名将グアルディオラのサッカーを機能させないお手本? バイエルン監督が見せた巧妙な戦術【コラム】

マンCのジョゼップ・グアルディオラ監督【写真:徳原隆元】
マンCのジョゼップ・グアルディオラ監督【写真:徳原隆元】

【カメラマンの目】1点ビハインドの後半にバイエルンが見せた戦いに注目

 振り返ってみれば、これまでジョゼップ・グアルディオラが指揮を執る姿をFCバルセロナ、バイエルン・ミュンヘン、そして今回のマンチェスター・シティと3つのクラブで見てきた。このスペイン人指揮官は記者会見の席上や試合前では、実に物静かな雰囲気に包まれている。カメラのファインダーの中で、俯き加減で何かを思案しているように難しい表情をしている場面を写真に収めたのも一度や二度ではない。
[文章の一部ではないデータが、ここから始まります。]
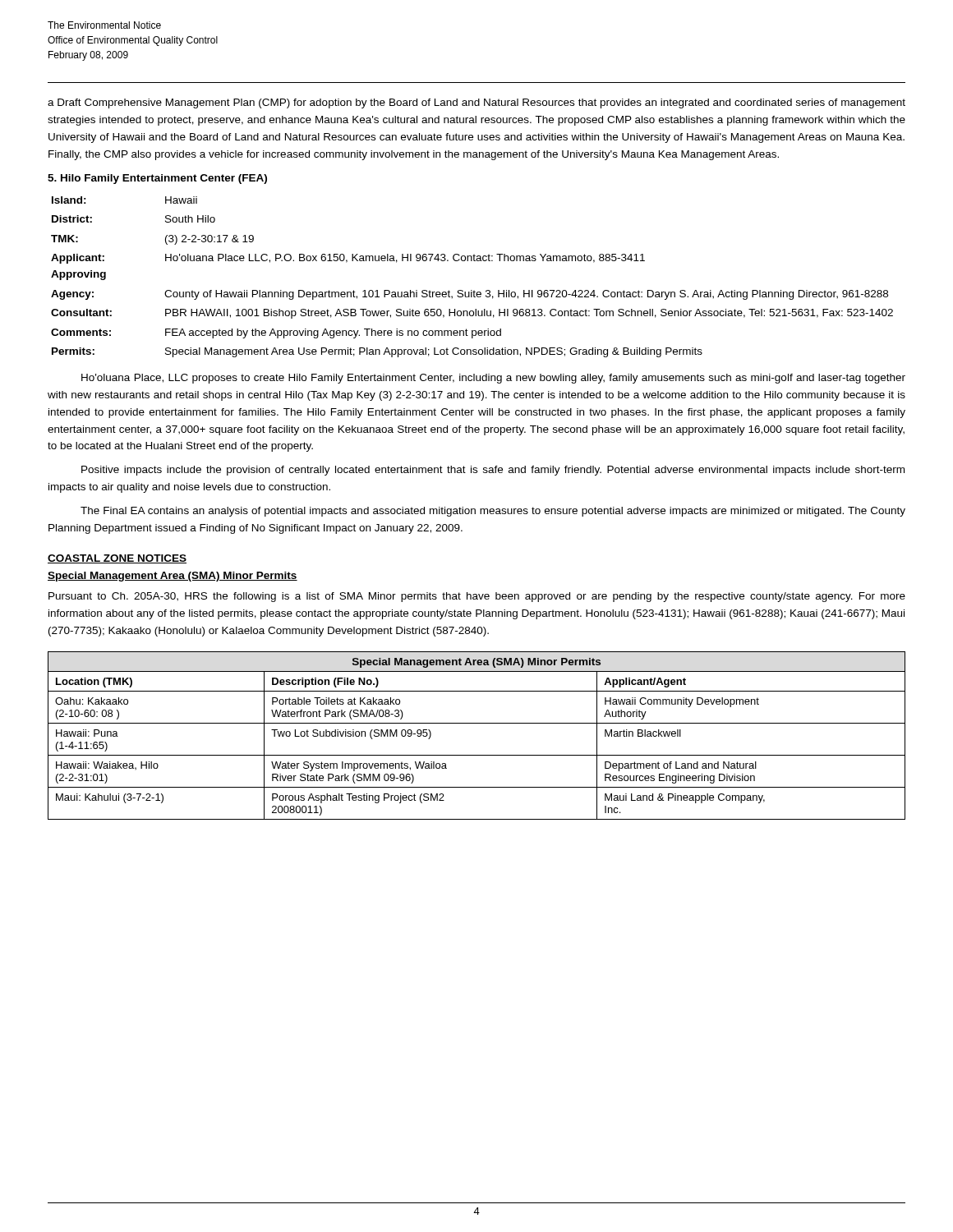
Task: Find the block on this page that starts "The Final EA contains an analysis of potential"
Action: pos(476,520)
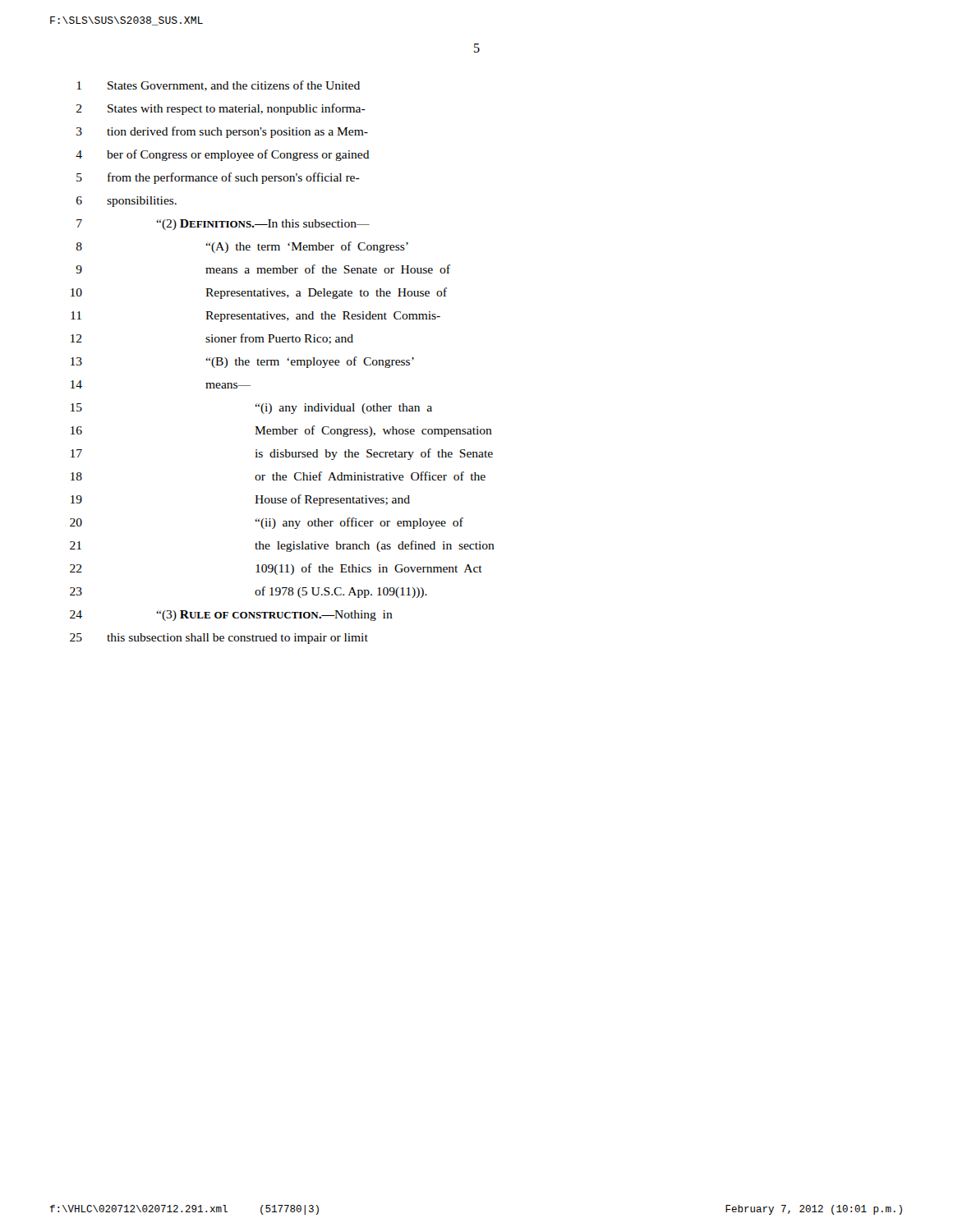The height and width of the screenshot is (1232, 953).
Task: Select the text block starting "25 this subsection shall be"
Action: pos(219,639)

 しかし、試合では一度スイッチが入ると激しいジェスチャーを交えて選手たちへと指示を出す場面も見られる。試合とそれ以外とでは異なる顔を持った男だ。

 高度なチーム戦術を選手たちに課し、シティに悲願だったヨーロッパ王者の称号をもたらしたのをはじめ、これまで指揮を執ったチームで数々のタイトルを獲得してきたグアルディオラは言うまでもなく世界屈指の名将である。
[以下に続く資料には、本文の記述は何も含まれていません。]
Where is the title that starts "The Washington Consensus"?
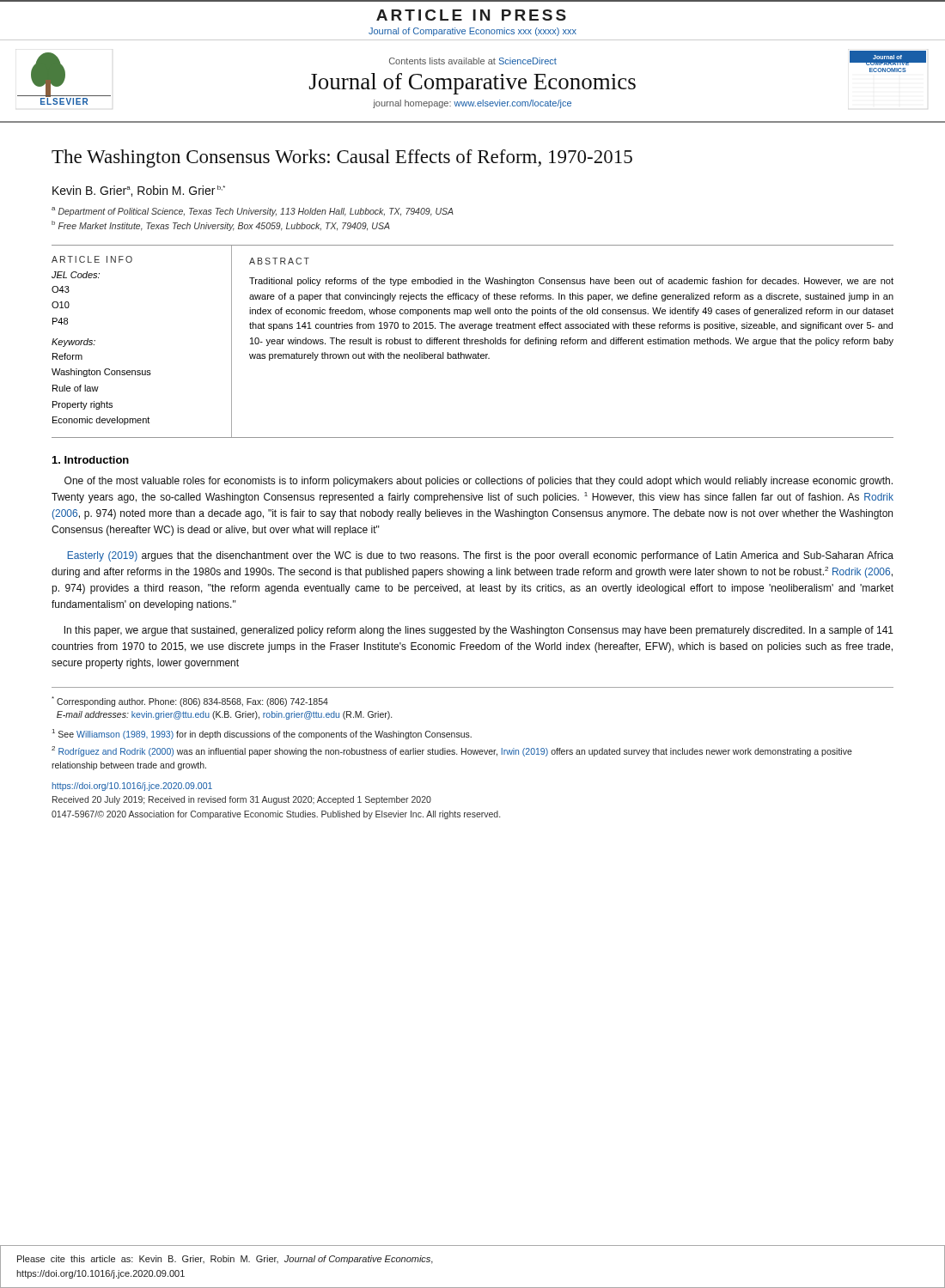 point(342,157)

 6万5049人の観衆で埋まった「Audi Football Summit」と銘打たれたバイエルン対シティの一戦は、2-1でプレミアリーグ王者の勝利に終わった。

 しかし、このヨーロッパをも制した王者に対してトーマス・トゥヘル率いるバイエルンは明確で有効な1つの対処方法を示した。その戦いぶりが表現されたのは0-1とリードを許して突入した後半だ。

 戦術家であるグアルディオラが作り上げるシティの攻撃パターンは、選手から選手へと素早くボールをつないで相手の守備網を崩し、得点源のアーリング・ブラウト・ハーランドがゴールへの総仕上げを行うスタイル。ここでバイエルンは最終ラインから中盤でボールを回すシティの選手たちを重厚な守備網を敷いて徹底的にマークする。一瞬の気の緩みも許されない高い集中力を必要とする展開をバイエルンは根気よく続け、後半から出場したハーランドとのホットラインを断ち切り得点を許さない。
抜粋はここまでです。